Strategies for mitigating data sovereignty risks

Even if the risk is low, Canadian organizations need to understand what they can do to mitigate the possibility of data within their custody or control being subject to a foreign court order that is not subject to judicial oversight in Canada.

Using a Canadian-owned service provider

Using a Canadian-owned service provider that has no operations or representatives in the U.S. or another foreign country may be effective at achieving data sovereignty, assuming that the data is stored and can be accessed only in Canada. However, if the service provider has a presence in another country, such as subsidiaries, offices, employees, customers, or infrastructure, it may be subject to the jurisdiction of the local courts. Furthermore, as was made clear in the B.C. government's experience with data residency rules, the availability of modern tools is limited.

Keeping data 'on-premise' in Canada

Processing an organization's data exclusively within its own premises and behind its own firewall is a second option. Doing so will likely insulate the data from foreign warrants if the organization is owned and controlled in Canada and has no foreign presence. However, maintaining on-premises infrastructure requires significant capital and investment in hardware, software, security, and skilled personnel, including to support backup and disaster recovery capacity. Moreover, on-premises solutions often lack scalability, flexibility, and access to the most advanced technologies, including cyber defences. For these reasons, on-premises solutions are increasingly reserved for processing only the most sensitive data, such as data implicating national security.

Implementing a 'sovereign cloud'

A "fully sovereign" public cloud solution would require data to be processed, transmitted and stored exclusively in Canada and always reman solely under the control of service providers that are not subject to foreign laws that permit access to data without the Canadian customer's consent.

The viability of a "fully sovereign" public cloud solution is questionable, as it would need to be delivered by a Canadian headquartered and controlled company with no meaningful presence outside Canada. This requirement would, in effect, require the creation and maintenance of a made-in and delivered-in-Canada solution by a provider without the experience, expertise, and funding gained by competing on the global market.

Recent experience in the EU highlights the challenges of developing a sovereign cloud. In 2019, an initiative known as GAIA-X was launched in Europe to reduce reliance on foreign cloud providers. Six years later, despite the investment of billions of Euros, GAIA-X has not achieved widespread market adoption, with many (if not most) organizations in Europe continuing to predominantly rely on global cloud service providers.
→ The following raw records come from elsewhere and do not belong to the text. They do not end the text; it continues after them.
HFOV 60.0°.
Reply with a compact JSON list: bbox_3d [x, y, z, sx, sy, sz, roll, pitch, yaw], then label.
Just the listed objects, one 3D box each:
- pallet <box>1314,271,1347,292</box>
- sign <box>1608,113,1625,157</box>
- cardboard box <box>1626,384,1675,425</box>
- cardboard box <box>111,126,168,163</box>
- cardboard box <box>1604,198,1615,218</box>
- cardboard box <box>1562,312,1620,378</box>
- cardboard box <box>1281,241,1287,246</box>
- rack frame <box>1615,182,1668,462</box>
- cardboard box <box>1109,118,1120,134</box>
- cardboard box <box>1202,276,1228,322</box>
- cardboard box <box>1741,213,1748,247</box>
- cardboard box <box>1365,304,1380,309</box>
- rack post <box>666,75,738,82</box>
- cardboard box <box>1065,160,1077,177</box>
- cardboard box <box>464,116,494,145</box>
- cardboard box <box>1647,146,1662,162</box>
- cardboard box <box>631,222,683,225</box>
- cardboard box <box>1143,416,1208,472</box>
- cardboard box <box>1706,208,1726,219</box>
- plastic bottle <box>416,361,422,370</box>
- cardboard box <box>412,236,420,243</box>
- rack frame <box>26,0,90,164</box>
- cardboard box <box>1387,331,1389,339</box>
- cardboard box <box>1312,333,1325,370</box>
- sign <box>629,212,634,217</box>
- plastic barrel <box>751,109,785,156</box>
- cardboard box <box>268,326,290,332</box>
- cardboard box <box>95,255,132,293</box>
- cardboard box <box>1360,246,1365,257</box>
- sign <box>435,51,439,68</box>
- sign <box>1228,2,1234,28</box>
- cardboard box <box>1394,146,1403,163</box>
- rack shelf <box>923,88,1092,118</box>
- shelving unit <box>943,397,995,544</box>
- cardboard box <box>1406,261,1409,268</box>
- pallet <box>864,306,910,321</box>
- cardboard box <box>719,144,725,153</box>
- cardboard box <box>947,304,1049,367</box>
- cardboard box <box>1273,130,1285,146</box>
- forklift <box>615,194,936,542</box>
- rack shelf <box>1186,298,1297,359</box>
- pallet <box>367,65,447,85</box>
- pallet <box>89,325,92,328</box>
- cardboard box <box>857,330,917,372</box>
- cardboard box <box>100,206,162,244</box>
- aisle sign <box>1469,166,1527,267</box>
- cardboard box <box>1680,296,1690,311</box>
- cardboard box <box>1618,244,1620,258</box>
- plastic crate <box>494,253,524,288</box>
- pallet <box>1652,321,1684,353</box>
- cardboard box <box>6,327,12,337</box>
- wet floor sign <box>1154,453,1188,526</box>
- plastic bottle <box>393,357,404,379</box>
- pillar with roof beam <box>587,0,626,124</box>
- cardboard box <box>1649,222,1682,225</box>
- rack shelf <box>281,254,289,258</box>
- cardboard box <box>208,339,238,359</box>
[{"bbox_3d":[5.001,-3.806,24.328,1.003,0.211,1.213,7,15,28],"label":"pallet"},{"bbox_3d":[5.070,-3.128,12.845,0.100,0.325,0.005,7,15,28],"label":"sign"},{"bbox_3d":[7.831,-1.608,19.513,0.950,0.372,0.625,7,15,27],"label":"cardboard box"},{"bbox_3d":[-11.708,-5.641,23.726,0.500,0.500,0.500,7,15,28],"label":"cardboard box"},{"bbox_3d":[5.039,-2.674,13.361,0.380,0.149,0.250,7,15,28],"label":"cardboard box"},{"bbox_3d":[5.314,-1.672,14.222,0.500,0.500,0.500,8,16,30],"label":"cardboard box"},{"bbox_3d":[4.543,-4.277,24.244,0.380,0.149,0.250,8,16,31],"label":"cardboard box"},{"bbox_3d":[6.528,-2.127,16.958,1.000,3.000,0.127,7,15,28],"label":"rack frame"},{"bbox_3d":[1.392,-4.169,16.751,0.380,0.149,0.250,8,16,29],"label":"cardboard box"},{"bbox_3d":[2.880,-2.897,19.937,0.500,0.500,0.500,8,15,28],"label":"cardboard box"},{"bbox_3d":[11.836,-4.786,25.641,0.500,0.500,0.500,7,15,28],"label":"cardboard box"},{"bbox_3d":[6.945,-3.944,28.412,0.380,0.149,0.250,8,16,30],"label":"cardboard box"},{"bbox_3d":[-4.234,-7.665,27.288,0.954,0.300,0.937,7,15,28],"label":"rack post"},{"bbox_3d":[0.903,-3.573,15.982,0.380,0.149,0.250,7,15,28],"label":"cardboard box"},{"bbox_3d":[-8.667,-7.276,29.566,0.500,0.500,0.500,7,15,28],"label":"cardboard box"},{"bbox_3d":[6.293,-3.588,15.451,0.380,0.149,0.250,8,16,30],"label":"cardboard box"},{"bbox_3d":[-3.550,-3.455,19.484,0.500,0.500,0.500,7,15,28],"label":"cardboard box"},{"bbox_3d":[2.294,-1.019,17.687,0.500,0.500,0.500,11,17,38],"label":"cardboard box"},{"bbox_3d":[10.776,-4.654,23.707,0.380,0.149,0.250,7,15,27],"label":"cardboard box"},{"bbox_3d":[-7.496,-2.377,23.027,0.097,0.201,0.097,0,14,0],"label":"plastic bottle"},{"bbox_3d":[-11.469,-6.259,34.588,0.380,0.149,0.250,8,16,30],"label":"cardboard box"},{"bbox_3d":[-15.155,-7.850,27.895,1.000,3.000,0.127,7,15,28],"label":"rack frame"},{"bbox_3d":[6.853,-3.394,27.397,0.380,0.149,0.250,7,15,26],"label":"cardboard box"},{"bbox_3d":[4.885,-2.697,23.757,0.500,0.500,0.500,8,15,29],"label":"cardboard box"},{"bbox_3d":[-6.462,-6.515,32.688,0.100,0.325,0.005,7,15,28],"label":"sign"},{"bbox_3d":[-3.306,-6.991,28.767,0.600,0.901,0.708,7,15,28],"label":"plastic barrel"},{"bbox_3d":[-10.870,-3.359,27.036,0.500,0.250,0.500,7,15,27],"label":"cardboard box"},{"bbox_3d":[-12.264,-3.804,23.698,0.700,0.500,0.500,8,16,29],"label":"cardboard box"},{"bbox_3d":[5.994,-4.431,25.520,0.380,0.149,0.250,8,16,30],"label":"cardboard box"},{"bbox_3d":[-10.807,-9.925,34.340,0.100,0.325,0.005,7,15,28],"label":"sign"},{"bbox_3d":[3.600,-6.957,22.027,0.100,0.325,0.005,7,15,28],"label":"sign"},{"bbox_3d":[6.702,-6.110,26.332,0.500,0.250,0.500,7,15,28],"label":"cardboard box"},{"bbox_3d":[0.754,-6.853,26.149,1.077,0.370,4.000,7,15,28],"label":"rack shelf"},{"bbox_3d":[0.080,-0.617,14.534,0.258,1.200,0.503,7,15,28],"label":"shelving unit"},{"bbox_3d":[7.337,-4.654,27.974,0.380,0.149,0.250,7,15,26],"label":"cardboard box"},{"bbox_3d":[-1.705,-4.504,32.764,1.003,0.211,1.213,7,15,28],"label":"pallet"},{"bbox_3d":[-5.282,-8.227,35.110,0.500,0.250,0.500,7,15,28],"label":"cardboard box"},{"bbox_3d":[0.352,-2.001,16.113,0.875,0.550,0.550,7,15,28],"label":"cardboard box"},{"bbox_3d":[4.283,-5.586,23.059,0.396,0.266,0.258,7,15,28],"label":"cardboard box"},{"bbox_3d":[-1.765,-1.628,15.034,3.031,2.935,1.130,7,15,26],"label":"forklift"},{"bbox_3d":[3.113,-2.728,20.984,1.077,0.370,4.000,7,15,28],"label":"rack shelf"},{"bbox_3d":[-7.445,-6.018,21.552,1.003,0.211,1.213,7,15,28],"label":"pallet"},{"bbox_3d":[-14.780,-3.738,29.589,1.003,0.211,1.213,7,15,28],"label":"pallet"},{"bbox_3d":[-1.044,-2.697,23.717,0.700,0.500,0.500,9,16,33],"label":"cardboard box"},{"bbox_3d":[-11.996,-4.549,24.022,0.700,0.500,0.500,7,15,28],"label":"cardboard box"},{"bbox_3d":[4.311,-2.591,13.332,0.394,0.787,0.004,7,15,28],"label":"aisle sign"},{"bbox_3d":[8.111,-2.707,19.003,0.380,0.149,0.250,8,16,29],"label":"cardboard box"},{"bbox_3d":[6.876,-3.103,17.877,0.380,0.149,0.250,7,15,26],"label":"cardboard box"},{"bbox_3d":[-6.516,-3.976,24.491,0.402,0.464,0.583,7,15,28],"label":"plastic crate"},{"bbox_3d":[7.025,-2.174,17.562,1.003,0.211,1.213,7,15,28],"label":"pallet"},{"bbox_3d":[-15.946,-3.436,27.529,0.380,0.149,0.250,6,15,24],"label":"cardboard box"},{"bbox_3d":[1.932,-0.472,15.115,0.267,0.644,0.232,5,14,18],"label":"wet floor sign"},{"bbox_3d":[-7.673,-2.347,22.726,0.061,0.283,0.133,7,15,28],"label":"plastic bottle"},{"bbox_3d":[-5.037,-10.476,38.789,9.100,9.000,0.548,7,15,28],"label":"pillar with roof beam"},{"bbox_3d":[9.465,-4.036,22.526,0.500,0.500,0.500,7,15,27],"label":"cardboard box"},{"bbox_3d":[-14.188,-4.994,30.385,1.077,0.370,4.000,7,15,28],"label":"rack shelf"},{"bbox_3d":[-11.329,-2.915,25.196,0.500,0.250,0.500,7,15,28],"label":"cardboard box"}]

Leveraging technological solutions

Technology provides a range of options for maintaining control over data and mitigating or eliminating data sovereignty risks. Technology-based solutions, including the examples identified below, are likely to become more widely available over time, as service providers compete to win over and retain customers concerned about data sovereignty.

  • Encryption and key management: Encrypting data at rest, in transit, and in use. When possible, organizations manage their own encryption keys (customer-managed keys) rather than relying on the encryption capabilities offered by the service provider.
  • Data access and identity management: Deploying identity and access management systems to strictly control who can access data and from where, with monitoring and auditing of data access logs.
  • Data masking and tokenization: Using data masking or tokenization to ensure that data remains unreadable without local de-tokenization or decryption.
  • Confidential computing: Eliminating or reducing access to data while it is being processed by creating an isolated, hardware-based execution environment with a computer. Data processed with the environment remains invisible to the cloud provider.

Back to the future?

The reemergence of data sovereignty as a policy issue in Canada invites us to consider how governments and regulators across Canada will approach it in 2025 and beyond. The B.C. government's decision to amend its public sector privacy law in 2021 by removing the most restrictive elements of its data location and data access requirements provides some "lessons learned" that are equally relevant today. These lessons include the following:

  • Focus on actual risks: Much of the public discussion concerning data sovereignty is drawn from fears of a foreign government compelling a cloud service provider to produce a customer's data even if it is stored in Canada. However, there is no evidence to suggest that this happens frequently.
  • Avoid a one-size-fits-all approach: Consistent with data privacy laws, a risk-based approach to data sovereignty is needed. Strict on-premises data sovereignty safeguards may be appropriate for data that implicates national security or military operations, but applying these same safeguards to less sensitive information will often be disproportionate to the level of risk.
  • Account for all social and economic costs: Building data centres in Canada may be the easy part of developing a "sovereign" solution. The more challenging — and costly — part may be sourcing sovereign products and services that will be deployed in them. Moreover, sovereign products and services are unlikely to offer the same range of productivity enhancing features as products and services available through the public cloud.
  • Recognize economic factors that make sovereign cloud solutions difficult to achieve. Building domestic data centres provides no assurance that sovereign cloud solutions will flourish. Competing with established cloud service providers — who have been building their technology stacks for decades — makes the economics of sovereign cloud challenging. Moreover, procuring bespoke solutions that are unable to fully leverage commercially available software and infrastructure, can be expected to increase significantly the cost of a project, while reducing interoperability and resilience.

Footnotes

1. R v. Love, 2022 Alberta Court of Appeal 269 (leave to Supreme Court of Canada denied on April 20, 2023) and Re Service de police de la Ville de Montréal, 2022 QCCS 3935 (a decision of the Québec Superior Court)

2. CLOUD Act, section 105(a).

3. CLOUD Act, section 103(c).

4. The U.S. Department of Justice has made this clear in a whitepaper: "The CLOUD Act requires that the agreements include numerous provisions protecting privacy and civil liberties. Orders requesting data must be lawfully obtained under the domestic system of the country seeking the data; must target specific individuals or accounts; must have a reasonable justification based on articulable and credible facts, particularity, legality, and severity; and must be subject to review or oversight by an independent authority, such as a judge or magistrate. Bulk data collection is not permitted."

5. CLOUD Act, section 102(2).

The content of this article is intended to provide a general guide to the subject matter. Specialist advice should be sought about your specific circumstances.